Page 372 - Data Architecture
P. 372

Chapter 9.2: Analyzing Repetitive Data
           A block of data is a large allocation of space. The system knows how to find a block of
           data. The block of data is loaded with units of data. These units of data can be thought of
           as records. Within the record of data are attributes of data.


           As an example of the organization of data, consider the record of telephone calls. In the
           block of data is found the information about many phone calls. In the record for each
           phone call is found some basic information:


               Date and time of the phone call
               Who was making the phone call
               To whom the call was made
               How long the telephone call was made


           There may be other incidental information such as was the phone call operator assisted or
           was the phone call an international phone call. But at the end of the day, the same
           attribution of information is found over and over again, for every phone call.

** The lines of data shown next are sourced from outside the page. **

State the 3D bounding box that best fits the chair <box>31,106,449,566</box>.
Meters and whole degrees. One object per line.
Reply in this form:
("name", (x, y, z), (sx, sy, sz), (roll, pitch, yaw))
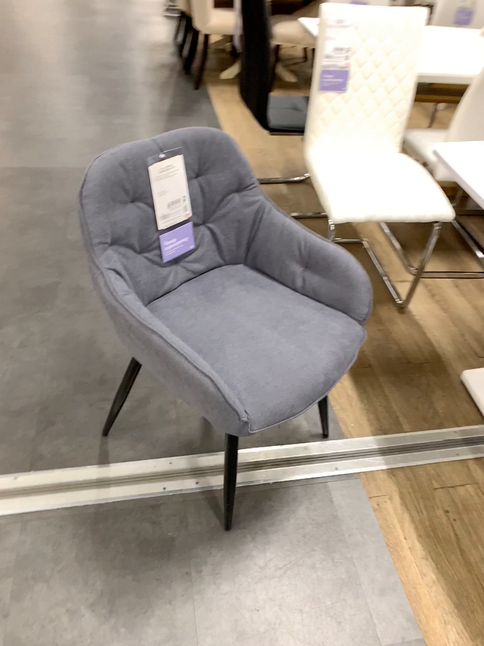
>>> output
("chair", (-0.032, 0.009, 1.213), (0.591, 0.775, 0.562), (36, 49, 28))
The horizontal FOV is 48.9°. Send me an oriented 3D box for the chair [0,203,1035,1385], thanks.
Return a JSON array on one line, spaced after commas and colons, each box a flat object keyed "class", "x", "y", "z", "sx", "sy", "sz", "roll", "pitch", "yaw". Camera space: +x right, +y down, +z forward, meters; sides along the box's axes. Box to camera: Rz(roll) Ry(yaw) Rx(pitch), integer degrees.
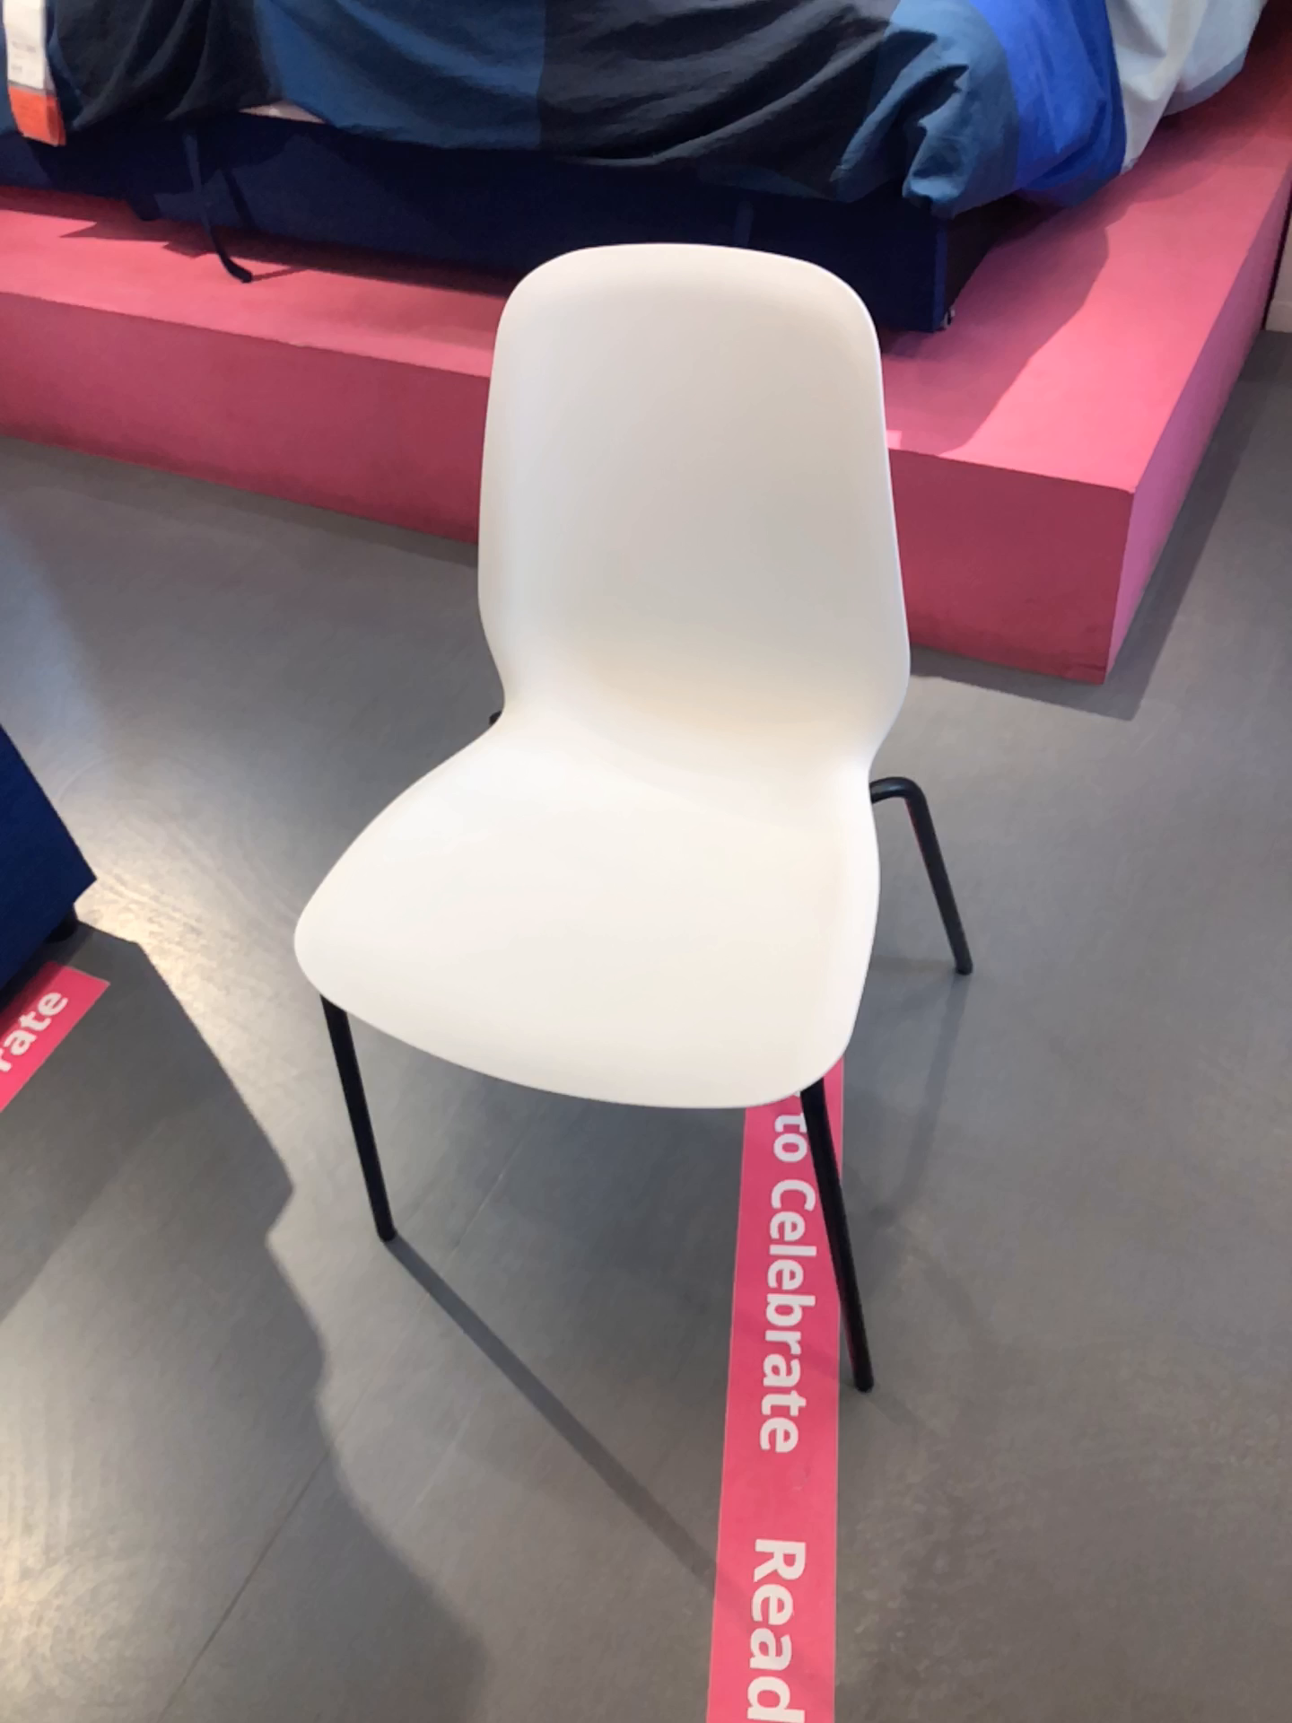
[{"class": "chair", "x": -0.021, "y": -0.032, "z": 1.151, "sx": 0.511, "sy": 0.755, "sz": 0.492, "roll": 11, "pitch": 52, "yaw": 18}]
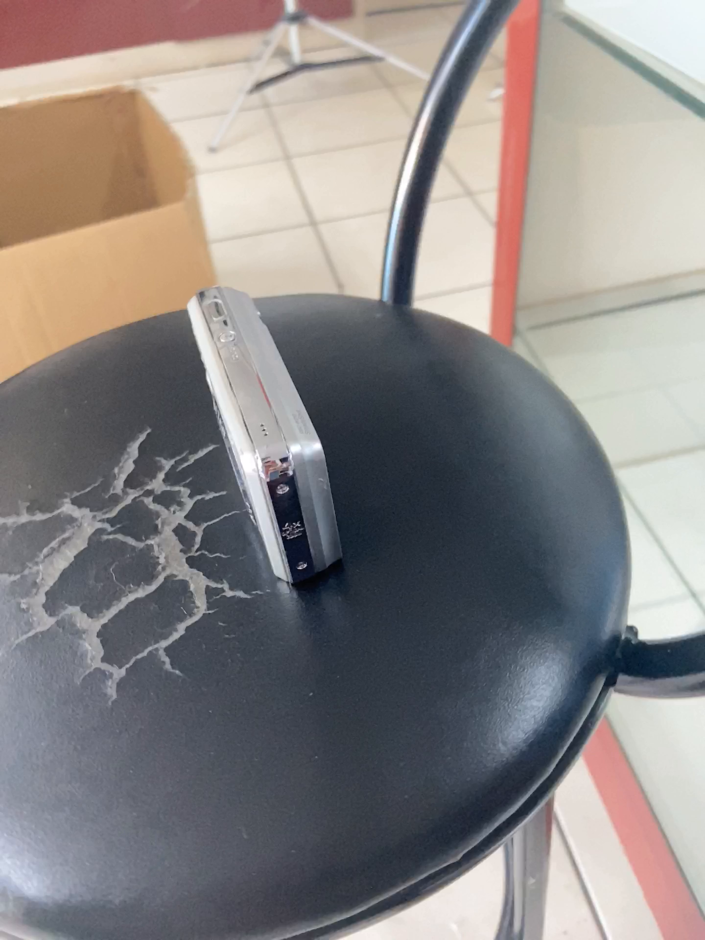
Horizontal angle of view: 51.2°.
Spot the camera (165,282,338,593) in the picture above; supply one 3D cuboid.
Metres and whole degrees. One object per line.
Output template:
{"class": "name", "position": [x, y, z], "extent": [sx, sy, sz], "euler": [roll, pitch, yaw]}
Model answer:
{"class": "camera", "position": [-0.034, -0.014, 0.232], "extent": [0.026, 0.044, 0.093], "euler": [-17, 46, -10]}
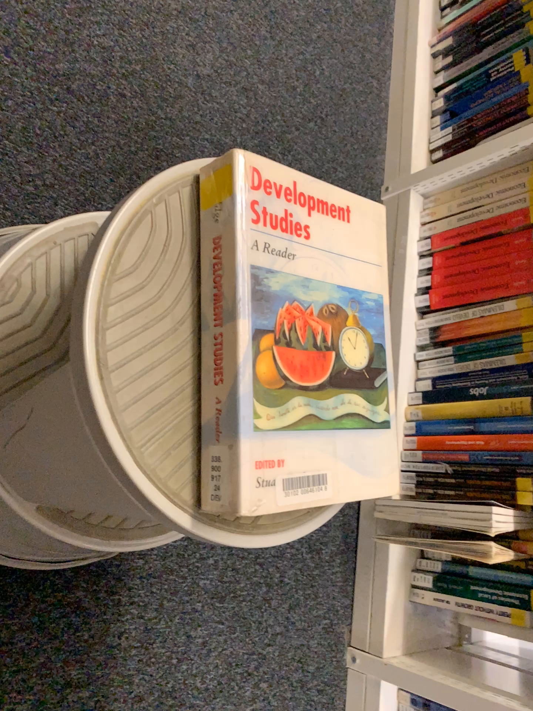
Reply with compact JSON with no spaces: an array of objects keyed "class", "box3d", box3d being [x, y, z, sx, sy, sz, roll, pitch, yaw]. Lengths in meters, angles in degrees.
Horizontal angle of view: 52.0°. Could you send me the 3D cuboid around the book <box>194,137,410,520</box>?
[{"class":"book","box3d":[0.029,-0.012,0.384,0.160,0.045,0.224,6,79,-41]}]
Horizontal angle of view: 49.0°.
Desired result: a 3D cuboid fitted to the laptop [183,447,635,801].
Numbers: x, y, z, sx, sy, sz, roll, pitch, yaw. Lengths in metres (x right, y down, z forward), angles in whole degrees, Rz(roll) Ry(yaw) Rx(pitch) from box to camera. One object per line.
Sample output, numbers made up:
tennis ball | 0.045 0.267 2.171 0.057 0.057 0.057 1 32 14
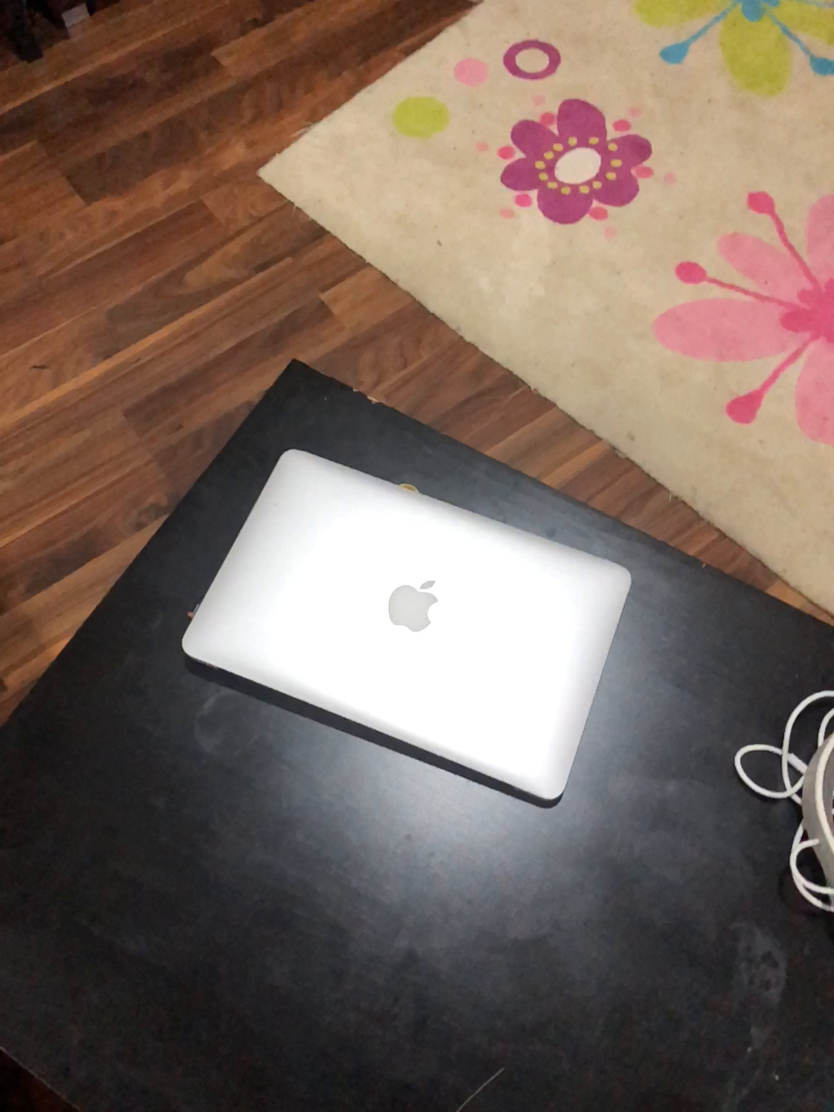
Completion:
laptop | -0.003 0.045 0.719 0.300 0.011 0.190 20 71 7
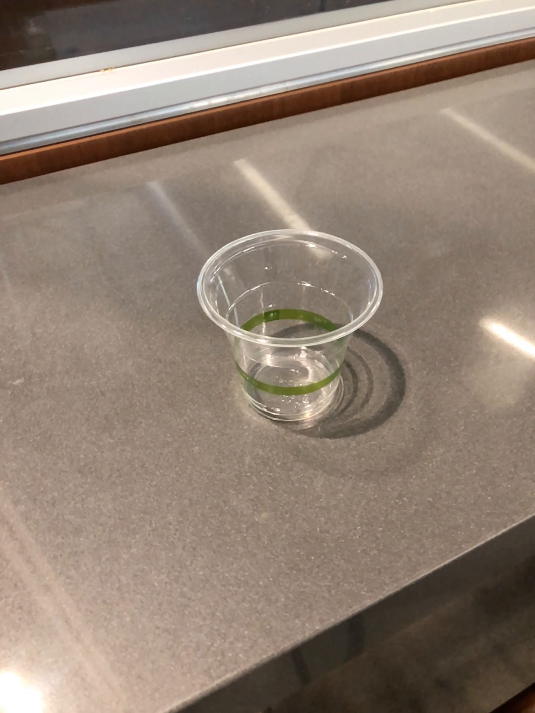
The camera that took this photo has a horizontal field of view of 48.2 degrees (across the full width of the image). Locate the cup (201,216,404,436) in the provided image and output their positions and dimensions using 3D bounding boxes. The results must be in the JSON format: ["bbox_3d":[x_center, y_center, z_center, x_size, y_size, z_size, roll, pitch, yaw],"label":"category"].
[{"bbox_3d":[0.013,-0.014,0.252,0.070,0.060,0.070,-1,43,1],"label":"cup"}]

           When the system goes to look for data, the system knows how to find a block of data.
           But once the system finds a block of data, it is up to the analyst to make sense of the data
           found in the block. The analyst does this by “parsing” the data. The analyst reads the
           data in the block. Then, the analyst determines where a record is. Upon finding a record,
           the analyst then determines what attribute is where.


           The process of parsing would be onerous if there were not a high degree of similarity of
           the records tucked into the block.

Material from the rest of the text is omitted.